Banks in Cyprus are scheduled to reopen after staying closed for more than a week in Europe’s latest financial crisis. Some restrictions will remain in place, the Associated Press reports:
Cash withdrawals will be limited to 300 euros ($383) per person each day. . .
Other capital controls include a cap of 5,000 euros on transactions with other countries, provided the customer presents supporting documents. Payments above that amount will need special approval.
Travelers leaving the country won’t be able to take with them anything over 1,000 euros in cash — as well as the equivalent sum in foreign currency.
As part of a deal reached over the weekend, Cyprus will receive $13 billion in loans from international lenders, but one of the country’s largest banks will close, and there will be other costs, too:
The deal. . . will force large losses on those holding deposits of more than $130,000 in Cypriot banks, and it will split the country’s second-largest bank, Cyprus Popular, also known as Laiki, into two. Deposits of less than $130,000 will go into a “good” bank. Deposits above that level will go into a “bad” one, and depositors and bondholders may recover little or none of their money.
The country’s banks were using Russian deposits to buy Greek bonds. The Greek bonds went bad, and the Cypriot banks lost a bundle.

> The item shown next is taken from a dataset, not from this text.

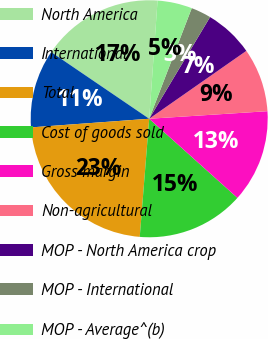<chart> <loc_0><loc_0><loc_500><loc_500><pie_chart><fcel>North America<fcel>International<fcel>Total<fcel>Cost of goods sold<fcel>Gross margin<fcel>Non-agricultural<fcel>MOP - North America crop<fcel>MOP - International<fcel>MOP - Average^(b)<nl><fcel>16.62%<fcel>10.67%<fcel>22.57%<fcel>14.64%<fcel>12.65%<fcel>8.69%<fcel>6.71%<fcel>2.74%<fcel>4.72%<nl></chart> 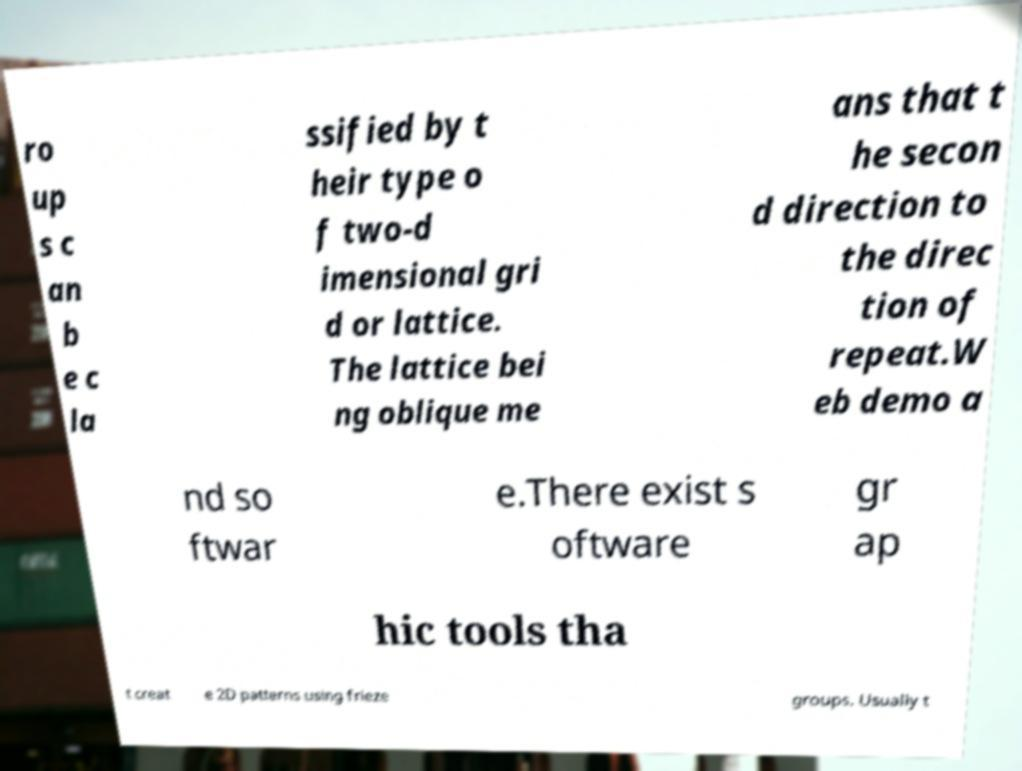Can you accurately transcribe the text from the provided image for me? ro up s c an b e c la ssified by t heir type o f two-d imensional gri d or lattice. The lattice bei ng oblique me ans that t he secon d direction to the direc tion of repeat.W eb demo a nd so ftwar e.There exist s oftware gr ap hic tools tha t creat e 2D patterns using frieze groups. Usually t

They now need a bailout from their euro zone partners, but it’s tough to convince German taxpayers to pony up if they think the money is really going to Russian oligarchs.
Last week, the International Monetary Fund, the European Union and Cyprus’s own government concocted a scheme that would have propped up two of the island’s largest insolvent banks, partly by confiscating the supposedly insured deposits of small savers. The Cypriot parliament rejected it in the face of amply justified public protests. Plan B winds up the two banks, puts a de facto end to Cyprus’s days as an unsustainable offshore bank center and imposes the costs on big depositors — who include a disproportionate number of Russian tax avoiders and similar folk.

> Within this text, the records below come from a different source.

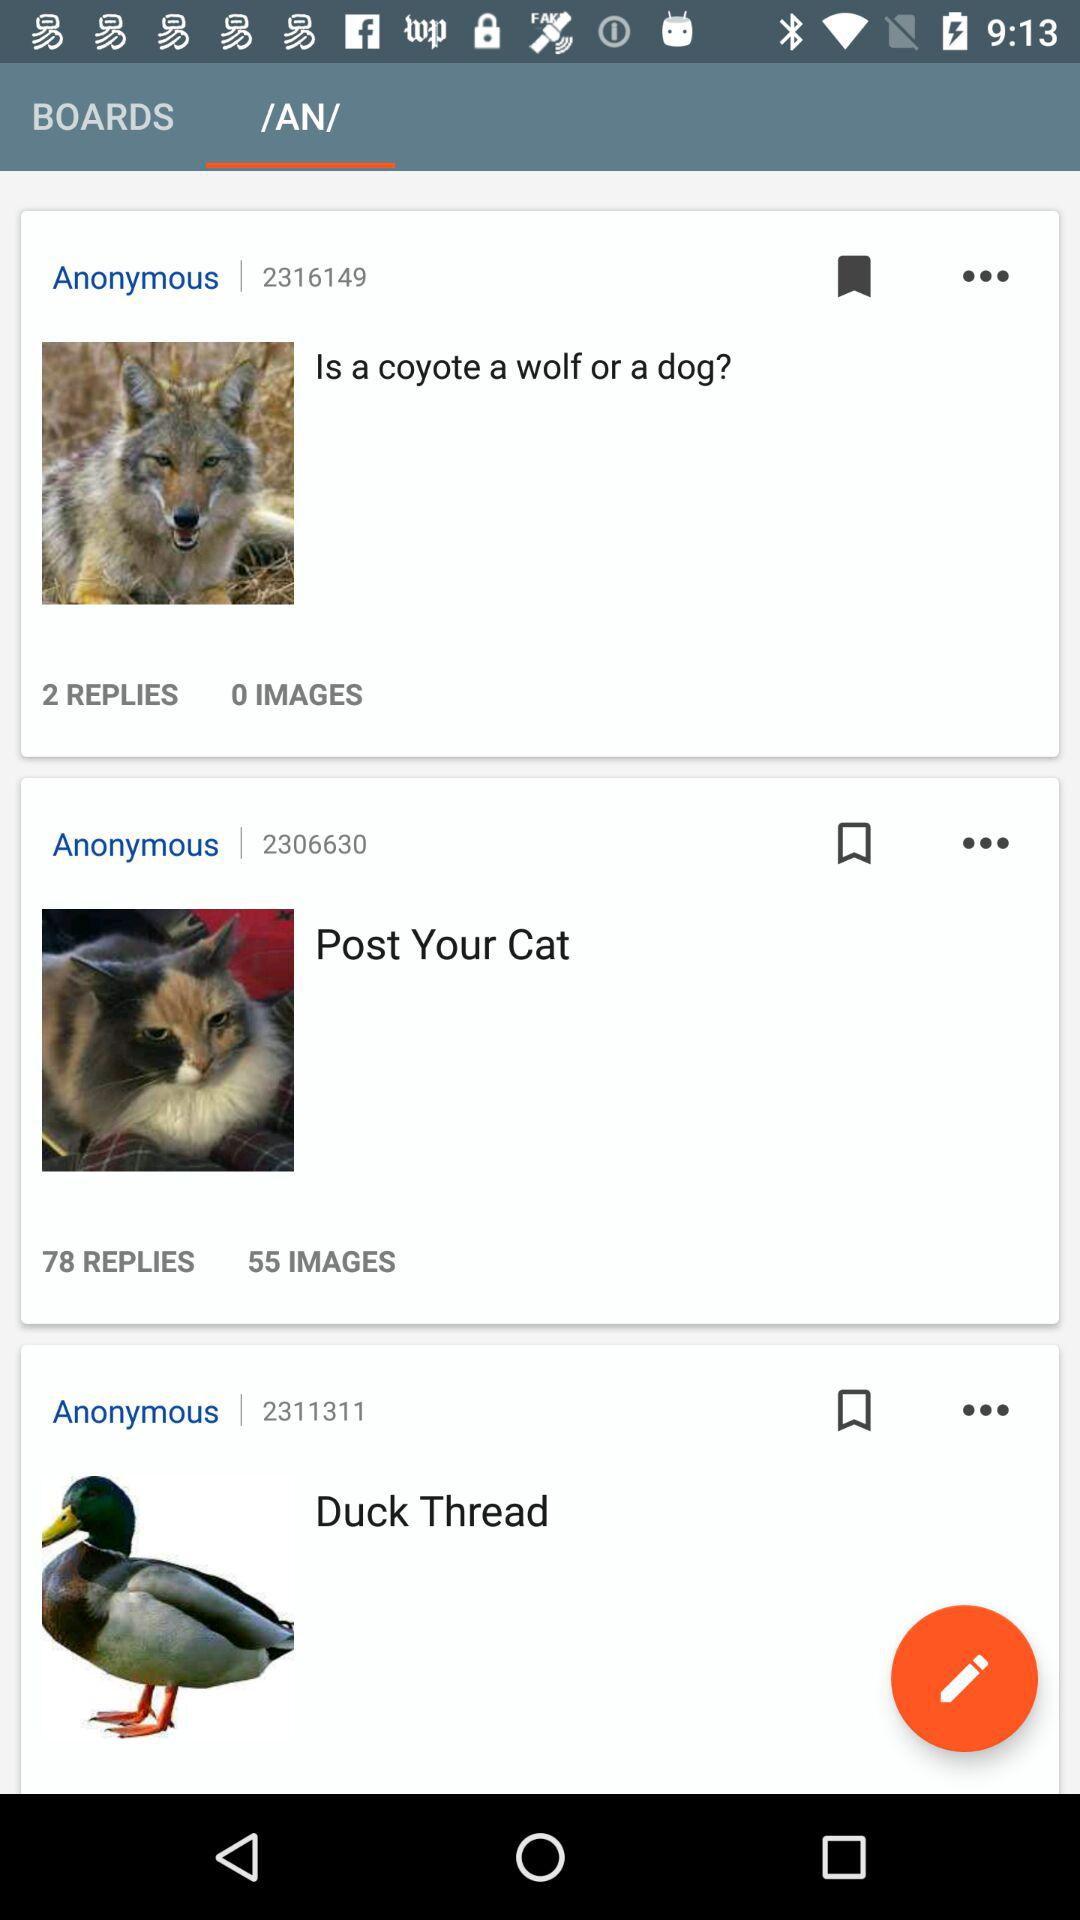How many people responded to the post "Post Your Cat"? The number of people who responded to the post "Post Your Cat" is 78. 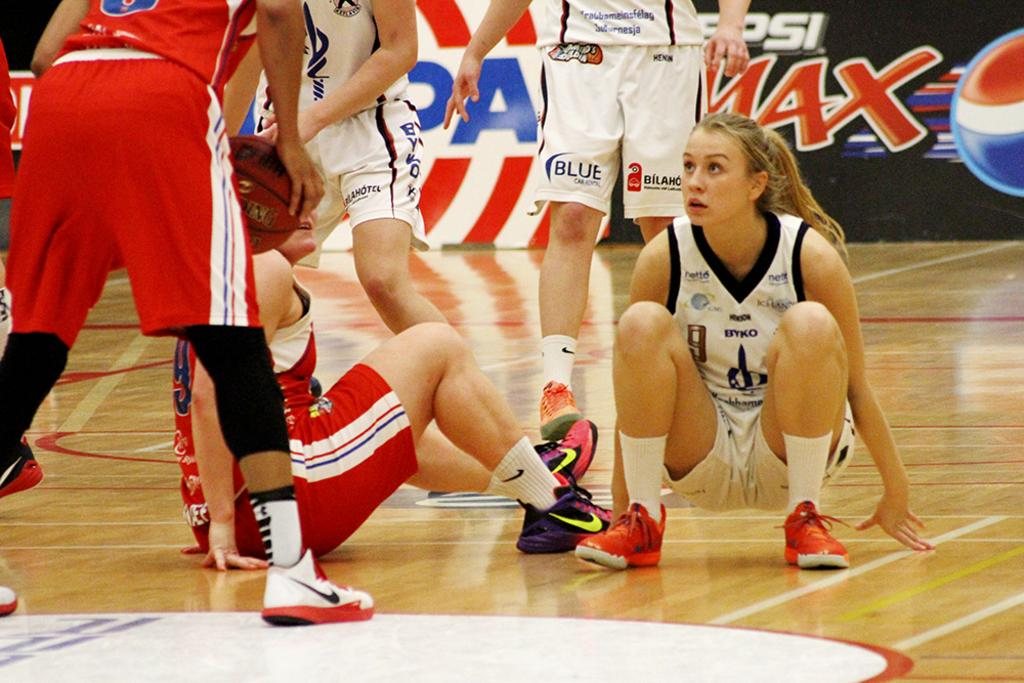<image>
Render a clear and concise summary of the photo. Women playing basketball with a Pepsi Max ad behind them. 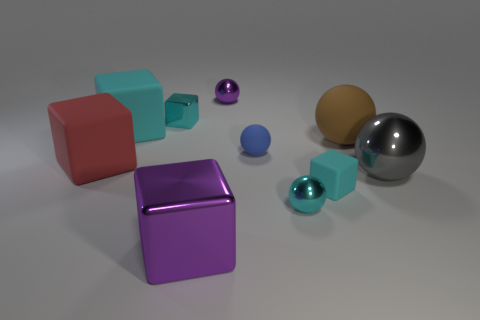Subtract all cyan cylinders. How many cyan cubes are left? 3 Subtract 2 spheres. How many spheres are left? 3 Subtract all purple blocks. How many blocks are left? 4 Subtract all gray spheres. How many spheres are left? 4 Subtract all yellow blocks. Subtract all brown balls. How many blocks are left? 5 Add 4 metal cubes. How many metal cubes exist? 6 Subtract 0 blue cylinders. How many objects are left? 10 Subtract all small cyan metal things. Subtract all large brown rubber balls. How many objects are left? 7 Add 4 red objects. How many red objects are left? 5

Neil Irwin criticized Eurogroup president Jeroen Dijsselbloem, who suggested Monday that the Cypriot plan could be a model for resolving troubled banks elsewhere:
If there is a risk in a bank, our first question should be ‘Okay, what are you in the bank going to do about that? What can you do to recapitalize yourself?’ If the bank can’t do it, then we’ll talk to the shareholders and the bondholders, we’ll ask them to contribute in recapitalizing the bank, and if necessary the uninsured deposit holders. . . It will force all financial institutions, as well as investors, to think about the risks they are taking on because they will now have to realize that it may also hurt them.
Irwin writes that forcing depositors to pay and restricting the flow of funds in banks sets a dangerous precedent:
If you are a depositor in a European bank, you now have every incentive in the world to move your money somewhere safer, or even to keep it in cash, the minute you detect any hint that your nation could end up in the same place Cyprus did. The next time there is a banking panic in Europe, it will move much faster, and be much harder to control, than those of the recent past, as depositors try to get ahead of future losses and capital controls.
The deal will have consequences outside Europe, too. Max Fisher writes that the agreement with European leaders is a diplomatic defeat for Russia:
Russia has a few interests at stake in the European Union bailout for Cyprus. The first and most obvious is that Russian citizens stand to lose billions of dollars worth of savings in Cyprus’s banking sector, which serves as a low-tax haven for Russian oligarchs. Those oligarchs, remember, wield outsize political power within Russia. The second is that Cyprus is a political client state of Moscow’s, a helpful little ally on such matters as sending arms to Syria. The third is symbolic, and doesn’t actually have that much to do with Cyprus itself, but with Russia’s standing in Europe.